◆ **SUPPLIED DATA**
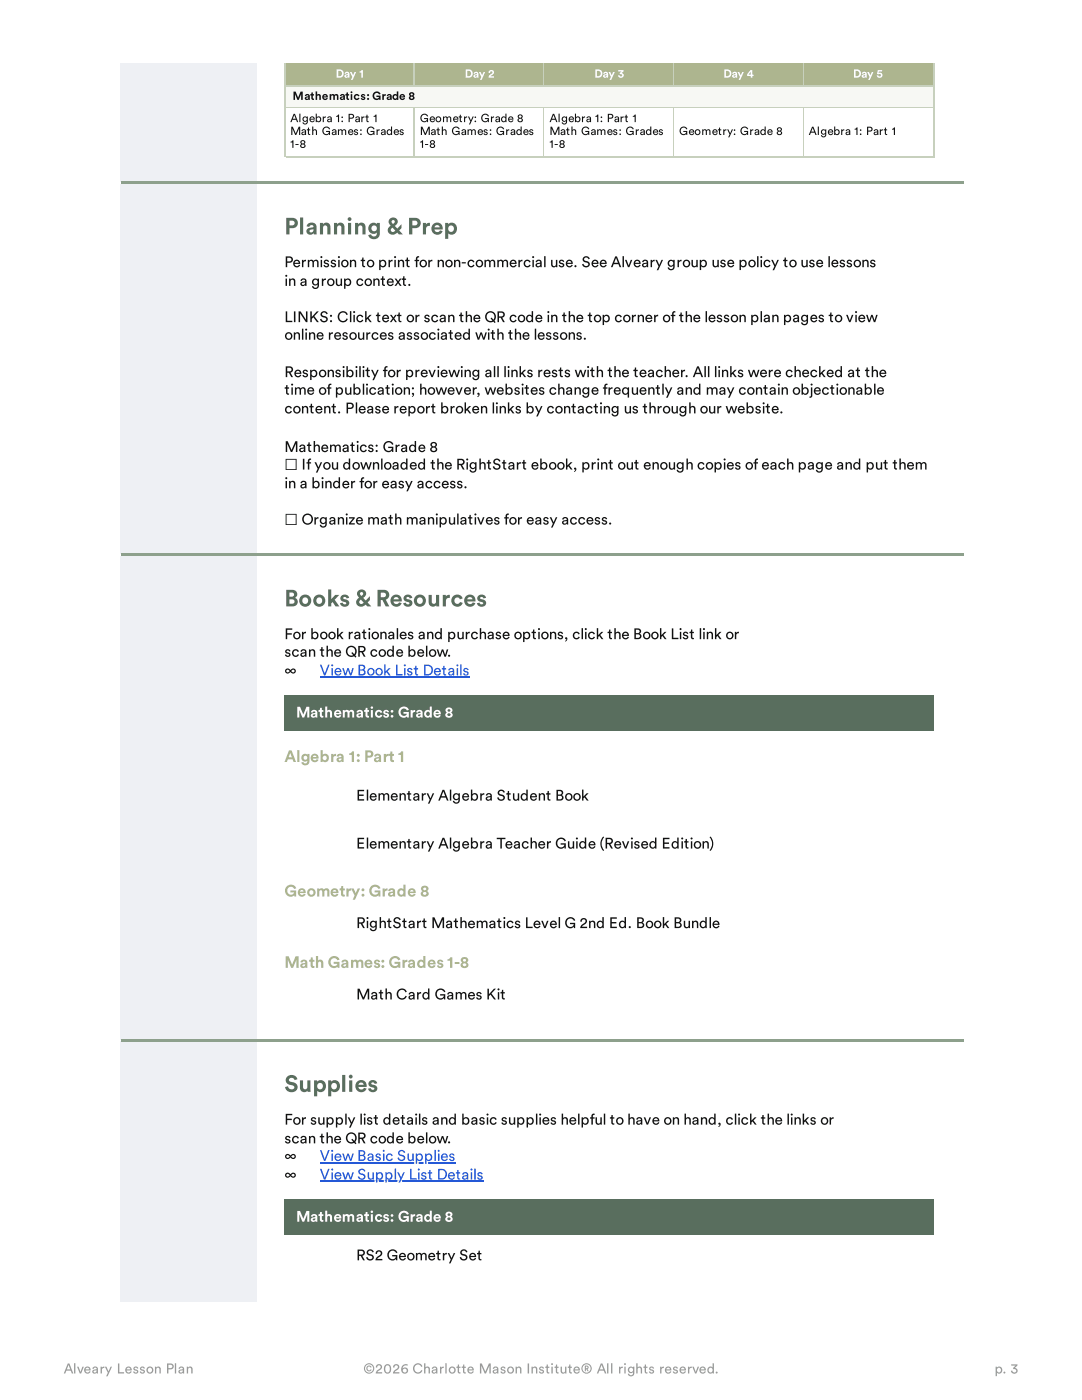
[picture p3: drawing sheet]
<svg xmlns="http://www.w3.org/2000/svg" width="216mm" height="279mm" viewBox="0 0 216 279" stroke-linecap="round" stroke-linejoin="round" font-family="sans-serif">
<defs><g id="words">
<g font-size="4.7" fill="#596e5e">
<text x="56.7" y="46.8">Planning &amp; Prep</text>
<text x="56.7" y="121">Books &amp; Resources</text>
<text x="56.7" y="217.9">Supplies</text>
</g>
<g font-size="3.3" fill="#adb58f">
<text x="56.7" y="152.1">Algebra 1: Part 1</text>
<text x="56.7" y="178.9">Geometry: Grade 8</text>
<text x="56.7" y="193.2">Math Games: Grades 1-8</text>
</g>
<g font-size="3" fill="#111">
<text x="56.7" y="53.3">Permission to print for non-commercial use. See Alveary group use policy to use lessons</text>
<text x="56.7" y="57.1">in a group context.</text>
<text x="56.7" y="64.3">LINKS: Click text or scan the QR code in the top corner of the lesson plan pages to view</text>
<text x="56.7" y="67.8">online resources associated with the lessons.</text>
<text x="56.7" y="75.3">Responsibility for previewing all links rests with the teacher. All links were checked at the</text>
<text x="56.7" y="78.8">time of publication; however, websites change frequently and may contain objectionable</text>
<text x="56.7" y="82.5">content. Please report broken links by contacting us through our website.</text>
<text x="56.7" y="90.2">Mathematics: Grade 8</text>
<text x="56.7" y="93.7">☐ If you downloaded the RightStart ebook, print out enough copies of each page and put them</text>
<text x="56.7" y="97.4">in a binder for easy access.</text>
<text x="56.7" y="104.7">☐ Organize math manipulatives for easy access.</text>
<text x="56.7" y="127.6">For book rationales and purchase options, click the Book List link or</text>
<text x="56.7" y="131.1">scan the QR code below.</text>
<text x="56.7" y="134.8">∞</text>
<text x="71.1" y="159.8">Elementary Algebra Student Book</text>
<text x="71.1" y="169.3">Elementary Algebra Teacher Guide (Revised Edition)</text>
<text x="71.1" y="185.2">RightStart Mathematics Level G 2nd Ed. Book Bundle</text>
<text x="71.1" y="199.5">Math Card Games Kit</text>
<text x="56.7" y="224.4">For supply list details and basic supplies helpful to have on hand, click the links or</text>
<text x="56.7" y="228.2">scan the QR code below.</text>
<text x="56.7" y="231.7">∞</text>
<text x="56.7" y="235.4">∞</text>
<text x="71.1" y="251.5">RS2 Geometry Set</text>
</g>
<g font-size="3" fill="#2458d6">
<text x="63.8" y="134.8">View Book List Details</text>
<text x="63.8" y="231.7">View Basic Supplies</text>
<text x="63.8" y="235.4">View Supply List Details</text>
</g>
<g font-size="3" fill="#fff">
<text x="59.1" y="143.2">Mathematics: Grade 8</text>
<text x="59.1" y="243.8">Mathematics: Grade 8</text>
</g>
<g font-size="2.8" fill="#9a9a9a">
<text x="12.7" y="274.1">Alveary Lesson Plan</text>
<text x="72.5" y="274.1">©2026 Charlotte Mason Institute® All rights reserved.</text>
<text x="198.4" y="274.1">p. 3</text>
</g>
<g font-size="2.3" fill="#fff">
<text x="67" y="15.5">Day 1</text>
<text x="92.7" y="15.5">Day 2</text>
<text x="118.6" y="15.5">Day 3</text>
<text x="144.3" y="15.5">Day 4</text>
<text x="170.2" y="15.5">Day 5</text>
</g>
<g font-size="2.3" fill="#111">
<text x="58.4" y="19.9">Mathematics: Grade 8</text>
<text x="57.9" y="24.4">Algebra 1: Part 1</text>
<text x="57.9" y="26.9">Math Games: Grades</text>
<text x="57.9" y="29.5">1-8</text>
<text x="83.8" y="24.4">Geometry: Grade 8</text>
<text x="83.8" y="26.9">Math Games: Grades</text>
<text x="83.8" y="29.5">1-8</text>
<text x="109.6" y="24.4">Algebra 1: Part 1</text>
<text x="109.6" y="26.9">Math Games: Grades</text>
<text x="109.6" y="29.5">1-8</text>
<text x="135.5" y="26.9">Geometry: Grade 8</text>
<text x="161.4" y="26.9">Algebra 1: Part 1</text>
</g>
</g></defs>
<path d="M56.9 12.7v18.7" fill="none" stroke="#c7d0bd" stroke-width=".23"/>
<path d="M57.1 12.7h25.6v4.7h-25.6z" fill="#adb58f"/>
<path d="M57.1 17.3h25.6M82.6 12.7v4.7" fill="none" stroke="#c7d0bd" stroke-width=".23"/>
<path d="M82.7 12.7h26v4.7h-26z" fill="#adb58f"/>
<path d="M82.7 17.3h26M108.5 12.7v4.7" fill="none" stroke="#c7d0bd" stroke-width=".23"/>
<path d="M108.7 12.7h25.9v4.7h-25.9z" fill="#adb58f"/>
<path d="M108.7 17.3h25.9M134.4 12.7v4.7" fill="none" stroke="#c7d0bd" stroke-width=".23"/>
<path d="M134.6 12.7h25.9v4.7h-25.9z" fill="#adb58f"/>
<path d="M134.6 17.3h25.9M160.4 12.7v4.7" fill="none" stroke="#c7d0bd" stroke-width=".23"/>
<path d="M160.5 12.7h25.9v4.7h-25.9z" fill="#adb58f"/>
<path d="M160.5 17.3h25.9M186.3 12.7v4.7" fill="none" stroke="#c7d0bd" stroke-width=".23"/>
<path d="M57.1 17.4h129.3v4.2h-129.3z" fill="#f7f8f4"/>
<path d="M186.3 17.4v4.2M57.1 21.5h129.3" fill="none" stroke="#c7d0bd" stroke-width=".23"/>
<path d="M57.1 21.6h25.6v9.8h-25.6z" fill="#fff"/>
<path d="M57.1 31.3h25.6M82.6 21.6v9.8" fill="none" stroke="#c7d0bd" stroke-width=".23"/>
<path d="M82.7 21.6h26v9.8h-26z" fill="#fff"/>
<path d="M82.7 31.3h26M108.5 21.6v9.8" fill="none" stroke="#c7d0bd" stroke-width=".23"/>
<path d="M108.7 21.6h25.9v9.8h-25.9z" fill="#fff"/>
<path d="M108.7 31.3h25.9M134.4 21.6v9.8" fill="none" stroke="#c7d0bd" stroke-width=".23"/>
<path d="M134.6 21.6h25.9v9.8h-25.9z" fill="#fff"/>
<path d="M134.6 31.3h25.9M160.4 21.6v9.8" fill="none" stroke="#c7d0bd" stroke-width=".23"/>
<path d="M160.5 21.6h25.9v9.8h-25.9z" fill="#fff"/>
<path d="M160.5 31.3h25.9M186.3 21.6v9.8" fill="none" stroke="#c7d0bd" stroke-width=".23"/>
<path d="M24.1 36.7h168.1v73.8h-168.1z" fill="#fff"/>
<path d="M24.1 36.3h168.1v.4h-168.1z" fill="#8da08c"/>
<path d="M24.1 111h168.1v96.4h-168.1z" fill="#fff"/>
<path d="M24.1 110.5h168.1v.5h-168.1z" fill="#8da08c"/>
<path d="M56.8 138.8h129.6v7h-129.6z" fill="#596e5e"/>
<path d="M63.8 135.1h29.9" fill="none" stroke="#2458d6" stroke-width=".23"/>
<path d="M24.1 207.9h168.1v51.8h-168.1z" fill="#fff"/>
<path d="M24.1 207.4h168.1v.5h-168.1z" fill="#8da08c"/>
<path d="M56.8 239.4h129.6v7h-129.6z" fill="#596e5e"/>
<path d="M63.8 232h27.1M63.8 235.8h32.7" fill="none" stroke="#2458d6" stroke-width=".23"/>
<use href="#words"/>
</svg>

◆ **WHAT THE TASK REQUIRES**
Would you retype the entries above in full, exactly as written, minus the pictures?

◆ **FINAL ANSWER**
[picture p3: drawing sheet]
<svg xmlns="http://www.w3.org/2000/svg" width="216mm" height="279mm" viewBox="0 0 216 279" stroke-linecap="round" stroke-linejoin="round" font-family="sans-serif">
<defs><g id="words">
<g font-size="4.7" fill="#596e5e">
<text x="56.7" y="46.8">Planning &amp; Prep</text>
<text x="56.7" y="121">Books &amp; Resources</text>
<text x="56.7" y="217.9">Supplies</text>
</g>
<g font-size="3.3" fill="#adb58f">
<text x="56.7" y="152.1">Algebra 1: Part 1</text>
<text x="56.7" y="178.9">Geometry: Grade 8</text>
<text x="56.7" y="193.2">Math Games: Grades 1-8</text>
</g>
<g font-size="3" fill="#111">
<text x="56.7" y="53.3">Permission to print for non-commercial use. See Alveary group use policy to use lessons</text>
<text x="56.7" y="57.1">in a group context.</text>
<text x="56.7" y="64.3">LINKS: Click text or scan the QR code in the top corner of the lesson plan pages to view</text>
<text x="56.7" y="67.8">online resources associated with the lessons.</text>
<text x="56.7" y="75.3">Responsibility for previewing all links rests with the teacher. All links were checked at the</text>
<text x="56.7" y="78.8">time of publication; however, websites change frequently and may contain objectionable</text>
<text x="56.7" y="82.5">content. Please report broken links by contacting us through our website.</text>
<text x="56.7" y="90.2">Mathematics: Grade 8</text>
<text x="56.7" y="93.7">☐ If you downloaded the RightStart ebook, print out enough copies of each page and put them</text>
<text x="56.7" y="97.4">in a binder for easy access.</text>
<text x="56.7" y="104.7">☐ Organize math manipulatives for easy access.</text>
<text x="56.7" y="127.6">For book rationales and purchase options, click the Book List link or</text>
<text x="56.7" y="131.1">scan the QR code below.</text>
<text x="56.7" y="134.8">∞</text>
<text x="71.1" y="159.8">Elementary Algebra Student Book</text>
<text x="71.1" y="169.3">Elementary Algebra Teacher Guide (Revised Edition)</text>
<text x="71.1" y="185.2">RightStart Mathematics Level G 2nd Ed. Book Bundle</text>
<text x="71.1" y="199.5">Math Card Games Kit</text>
<text x="56.7" y="224.4">For supply list details and basic supplies helpful to have on hand, click the links or</text>
<text x="56.7" y="228.2">scan the QR code below.</text>
<text x="56.7" y="231.7">∞</text>
<text x="56.7" y="235.4">∞</text>
<text x="71.1" y="251.5">RS2 Geometry Set</text>
</g>
<g font-size="3" fill="#2458d6">
<text x="63.8" y="134.8">View Book List Details</text>
<text x="63.8" y="231.7">View Basic Supplies</text>
<text x="63.8" y="235.4">View Supply List Details</text>
</g>
<g font-size="3" fill="#fff">
<text x="59.1" y="143.2">Mathematics: Grade 8</text>
<text x="59.1" y="243.8">Mathematics: Grade 8</text>
</g>
<g font-size="2.8" fill="#9a9a9a">
<text x="12.7" y="274.1">Alveary Lesson Plan</text>
<text x="72.5" y="274.1">©2026 Charlotte Mason Institute® All rights reserved.</text>
<text x="198.4" y="274.1">p. 3</text>
</g>
<g font-size="2.3" fill="#fff">
<text x="67" y="15.5">Day 1</text>
<text x="92.7" y="15.5">Day 2</text>
<text x="118.6" y="15.5">Day 3</text>
<text x="144.3" y="15.5">Day 4</text>
<text x="170.2" y="15.5">Day 5</text>
</g>
<g font-size="2.3" fill="#111">
<text x="58.4" y="19.9">Mathematics: Grade 8</text>
<text x="57.9" y="24.4">Algebra 1: Part 1</text>
<text x="57.9" y="26.9">Math Games: Grades</text>
<text x="57.9" y="29.5">1-8</text>
<text x="83.8" y="24.4">Geometry: Grade 8</text>
<text x="83.8" y="26.9">Math Games: Grades</text>
<text x="83.8" y="29.5">1-8</text>
<text x="109.6" y="24.4">Algebra 1: Part 1</text>
<text x="109.6" y="26.9">Math Games: Grades</text>
<text x="109.6" y="29.5">1-8</text>
<text x="135.5" y="26.9">Geometry: Grade 8</text>
<text x="161.4" y="26.9">Algebra 1: Part 1</text>
</g>
</g></defs>
<path d="M56.9 12.7v18.7" fill="none" stroke="#c7d0bd" stroke-width=".23"/>
<path d="M57.1 12.7h25.6v4.7h-25.6z" fill="#adb58f"/>
<path d="M57.1 17.3h25.6M82.6 12.7v4.7" fill="none" stroke="#c7d0bd" stroke-width=".23"/>
<path d="M82.7 12.7h26v4.7h-26z" fill="#adb58f"/>
<path d="M82.7 17.3h26M108.5 12.7v4.7" fill="none" stroke="#c7d0bd" stroke-width=".23"/>
<path d="M108.7 12.7h25.9v4.7h-25.9z" fill="#adb58f"/>
<path d="M108.7 17.3h25.9M134.4 12.7v4.7" fill="none" stroke="#c7d0bd" stroke-width=".23"/>
<path d="M134.6 12.7h25.9v4.7h-25.9z" fill="#adb58f"/>
<path d="M134.6 17.3h25.9M160.4 12.7v4.7" fill="none" stroke="#c7d0bd" stroke-width=".23"/>
<path d="M160.5 12.7h25.9v4.7h-25.9z" fill="#adb58f"/>
<path d="M160.5 17.3h25.9M186.3 12.7v4.7" fill="none" stroke="#c7d0bd" stroke-width=".23"/>
<path d="M57.1 17.4h129.3v4.2h-129.3z" fill="#f7f8f4"/>
<path d="M186.3 17.4v4.2M57.1 21.5h129.3" fill="none" stroke="#c7d0bd" stroke-width=".23"/>
<path d="M57.1 21.6h25.6v9.8h-25.6z" fill="#fff"/>
<path d="M57.1 31.3h25.6M82.6 21.6v9.8" fill="none" stroke="#c7d0bd" stroke-width=".23"/>
<path d="M82.7 21.6h26v9.8h-26z" fill="#fff"/>
<path d="M82.7 31.3h26M108.5 21.6v9.8" fill="none" stroke="#c7d0bd" stroke-width=".23"/>
<path d="M108.7 21.6h25.9v9.8h-25.9z" fill="#fff"/>
<path d="M108.7 31.3h25.9M134.4 21.6v9.8" fill="none" stroke="#c7d0bd" stroke-width=".23"/>
<path d="M134.6 21.6h25.9v9.8h-25.9z" fill="#fff"/>
<path d="M134.6 31.3h25.9M160.4 21.6v9.8" fill="none" stroke="#c7d0bd" stroke-width=".23"/>
<path d="M160.5 21.6h25.9v9.8h-25.9z" fill="#fff"/>
<path d="M160.5 31.3h25.9M186.3 21.6v9.8" fill="none" stroke="#c7d0bd" stroke-width=".23"/>
<path d="M24.1 36.7h168.1v73.8h-168.1z" fill="#fff"/>
<path d="M24.1 36.3h168.1v.4h-168.1z" fill="#8da08c"/>
<path d="M24.1 111h168.1v96.4h-168.1z" fill="#fff"/>
<path d="M24.1 110.5h168.1v.5h-168.1z" fill="#8da08c"/>
<path d="M56.8 138.8h129.6v7h-129.6z" fill="#596e5e"/>
<path d="M63.8 135.1h29.9" fill="none" stroke="#2458d6" stroke-width=".23"/>
<path d="M24.1 207.9h168.1v51.8h-168.1z" fill="#fff"/>
<path d="M24.1 207.4h168.1v.5h-168.1z" fill="#8da08c"/>
<path d="M56.8 239.4h129.6v7h-129.6z" fill="#596e5e"/>
<path d="M63.8 232h27.1M63.8 235.8h32.7" fill="none" stroke="#2458d6" stroke-width=".23"/>
<use href="#words"/>
</svg>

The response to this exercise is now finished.